The study describes the plant-wise distribution of validated NLRs drawing our attention to a skew towards the well-studied plants, with a substantial proportion of plant diversity not accounted for and clearly no members from non-flowering plants(Fig1A). The plant laboratory workhorse Arabidopsis, economically important cereals, rice, wheat and barley, and Solanaceae account for three-fourths of the NLRs in this set, a fraction that does not change much even in the 235 protein dataset. The fact that Arabidopsisis the only taxon with members from all NLR clades and the cereals show a bias towards CC-NLRs,highlights the current gaps, but also potential areas for the way forward in NLR biology.

Figure 1. A shows the number of experimentally validated NLRs per plant genus. (from Fig1A in preprint). B depicts the domain diversity of NLRs (from Fig 3C in preprint). Taken from Kourelis and Kamoun, 2020, provided under CC-BY 4.0.


The over-representation is also seen with respect to NLR clades. CC-NLR and TIR NLR are the most common domain combinations making up almost 80% of the validated NLRs. The remaining 20% forms a unique and interesting set, covering novel and non-canonical domain combinations, duplications and arrangements, at both the N and/or C-terminal domains (Fig 1B). For all those interested, the preprint has many interesting examples and details.The diversity is also seen in NLR protein lengths which vary between clades. NB-ARC domains show a tighter distribution barring a few extremely short and long one that stretched the boundaries of NLR domain diversity.

Domain gains are a recurrent feature of NLR evolution making prediction of plant NLR stricky. Though there are several NLR extractors that identify canonical NLR characteristics, this comprehensive dataset of functionally validated proteins with all its diversity could prove an important benchmarking resource for future NLR annotation tools.


Why I like it

The study provides a phylogenetic framework of experimentally validated NLRs, encouraging us to appreciate the structural diversity and directs the field towards the potential of under-studied plant groups and NLR clades. The authors are crowdsourcing for suggestions to improve the study with more comprehensive analysis which will be incorporated in the subsequent version to be submitted to the journal.

Posted on: 21st July 2020


Author's response

Sophien Kamoun shared


1. What are the most interesting aspects of NLRs?
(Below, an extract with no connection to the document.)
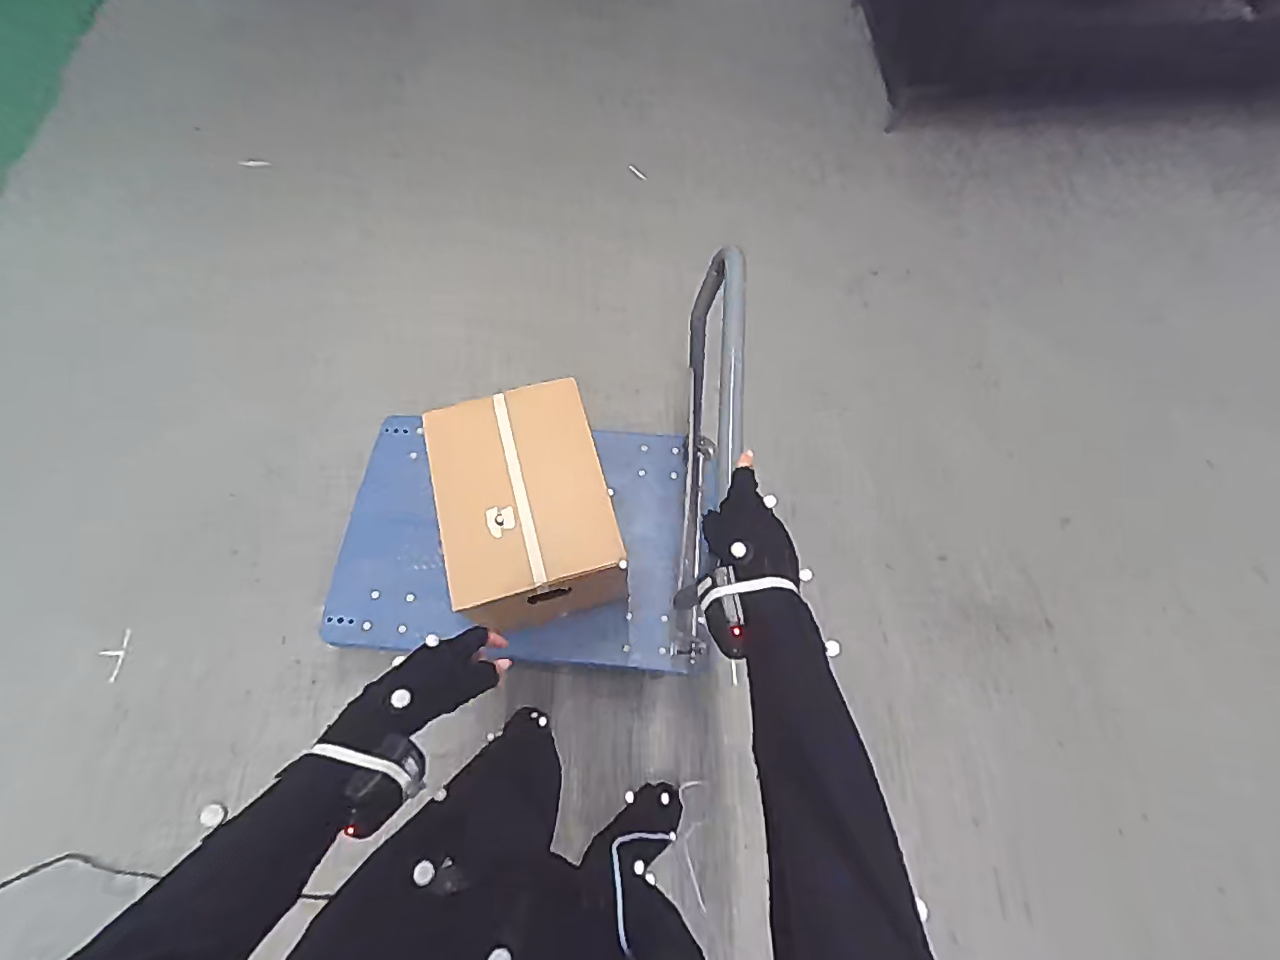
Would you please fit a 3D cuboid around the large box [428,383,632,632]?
[{"bbox_3d":[-0.222,0.069,1.160,0.320,0.320,0.408,-16,68,-6],"label":"large box"}]

Could you tell us about your decision to study them and obtaining community feedback on this preprint?

NLRs are extraordinarily diverse and tend to evolve rapidly. They are the most rapidly evolving plant genes and as such are worthy studying. They also complement our work on pathogen effectors and are useful when deployed in agriculture.
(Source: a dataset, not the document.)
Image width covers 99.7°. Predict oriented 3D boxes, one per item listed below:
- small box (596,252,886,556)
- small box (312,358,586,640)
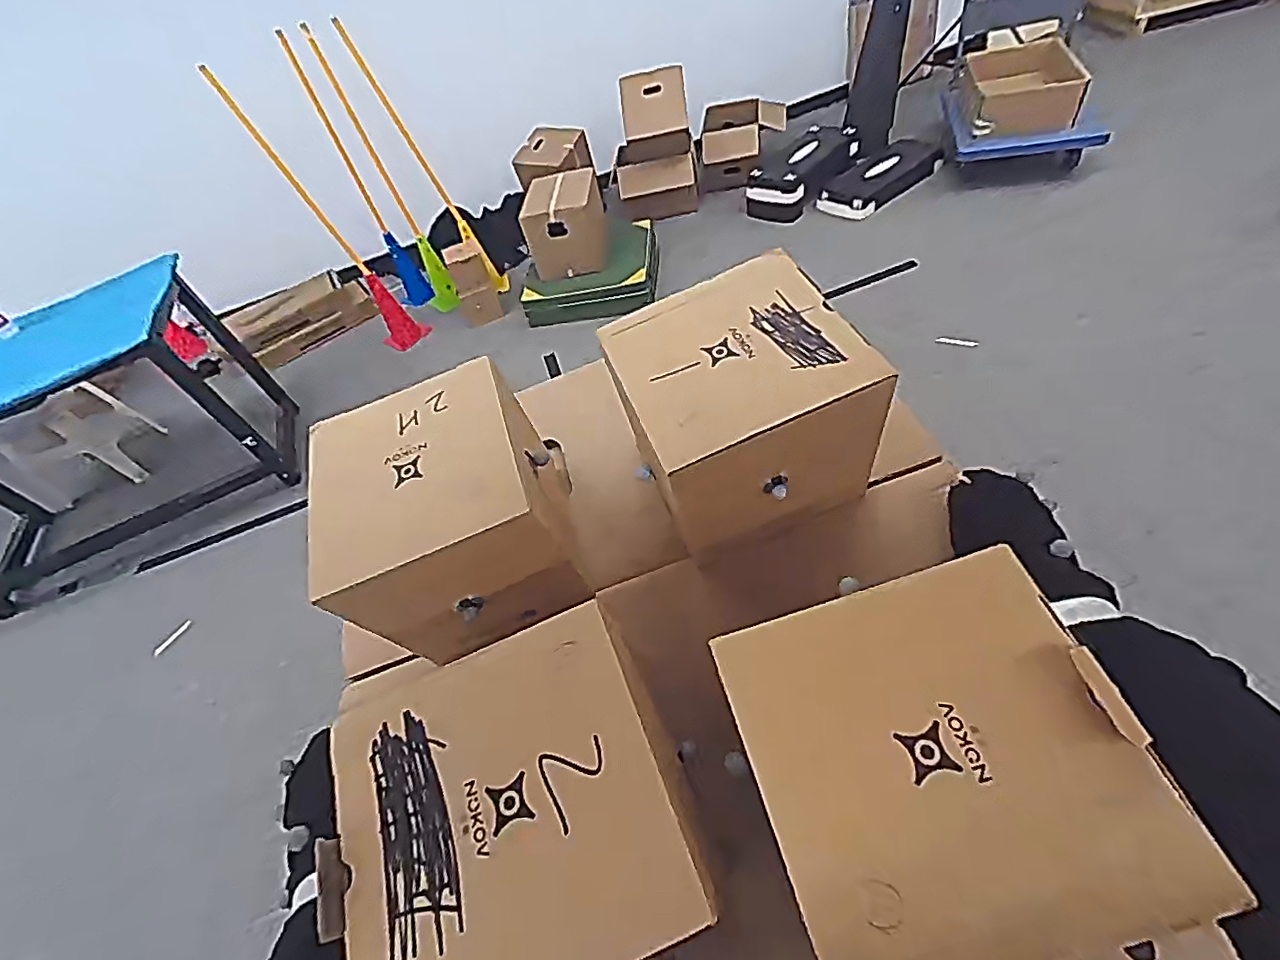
[{"bbox_3d":[0.083,-0.059,0.483,0.179,0.176,0.168,-23,56,0],"label":"small box"},{"bbox_3d":[-0.163,0.029,0.492,0.168,0.176,0.179,-22,55,0],"label":"small box"}]

2. Is it possible to use the number of predicted NLRs for each plant group as a baseline for the data in Fig. 1? Are certain NLR clades better studied in certain plants or do they represent the overall distribution of NLRs in a particular plant family? For instance, do cereals show an abundance of CC-NLRs or are they the more frequently investigated clade in this plant group?

That’s an excellent suggestion and it’s worthy of a figure in the revision. We do wish first to benchmark current methods for NLR predictions. One outcome should be a more robust NLRome per species and at that stage it would be worth it to perform the analysis you propose.
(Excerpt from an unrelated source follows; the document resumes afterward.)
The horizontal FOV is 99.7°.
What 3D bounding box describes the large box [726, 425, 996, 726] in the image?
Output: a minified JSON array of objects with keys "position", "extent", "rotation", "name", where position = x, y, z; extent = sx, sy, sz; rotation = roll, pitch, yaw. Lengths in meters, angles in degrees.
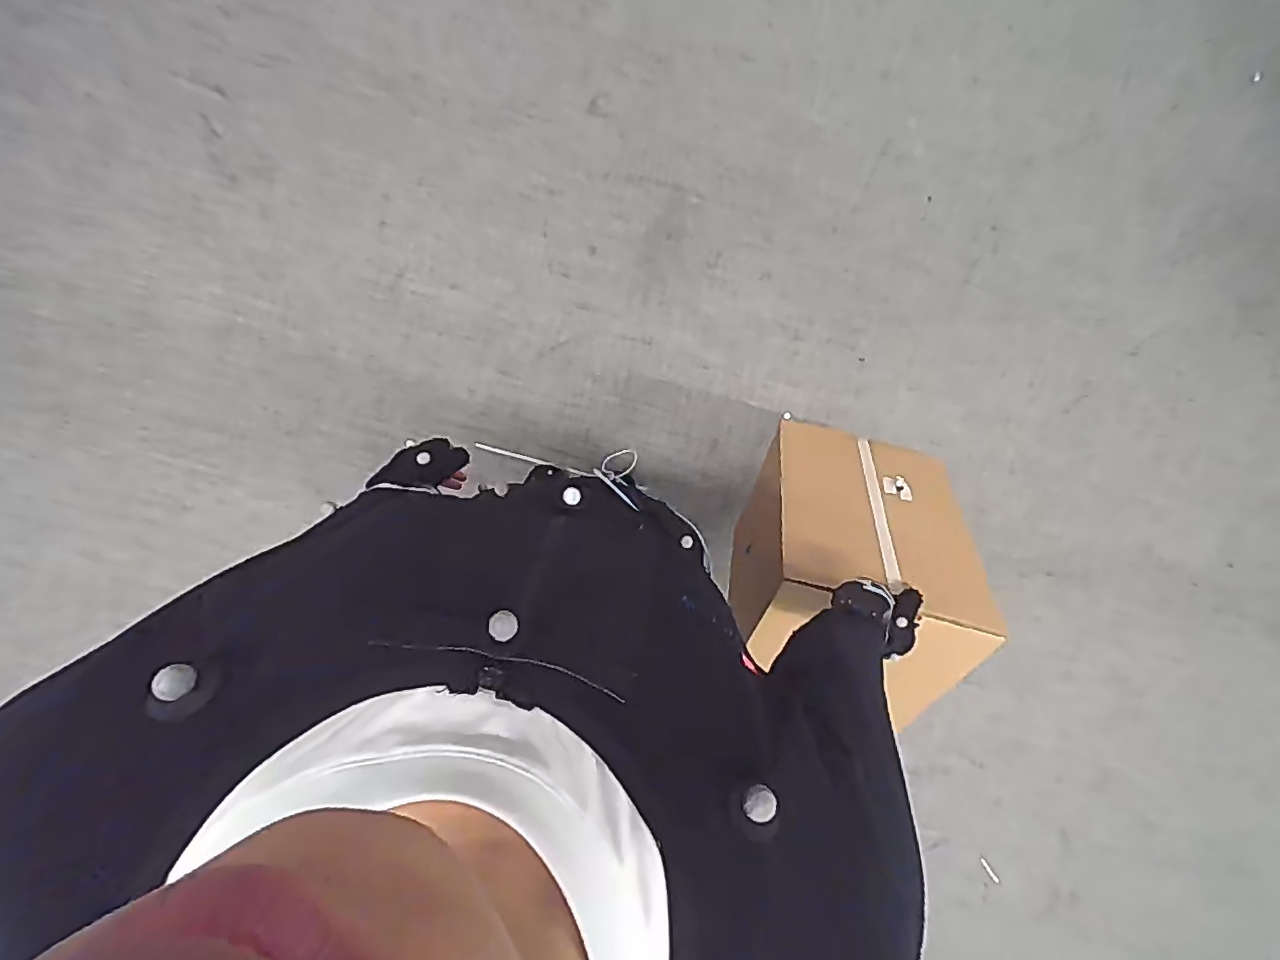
[{"position":[0.352,0.163,0.989],"extent":[0.320,0.408,0.320],"rotation":[16,130,1],"name":"large box"}]

3. How do you think benchmarking with this dataset would alter the predicted NLRome, expansion, diversification or fine tuning?Are there any new clues from the diverse architectures for engineering novel NLRs?

We don’t know yet. But anecdotal evidence indicates that NLR prediction software have limitations and biases. We need to understand this better using RefPlantNLR.

4. Is there information about the regulation and oligomerisation states of many NLRs?

This remains too limited at the time. We know this for only a few NLRs. But it would be great to add this information in the future.

5. The list shows viral, bacterial, fungal and oomycete pathogens. Do the pathogens also show an over representation of well-studied organisms?

Most certainly. And this is another excellent suggestion for the next version. I’d say this is worth of a Figure similar to Figure 1.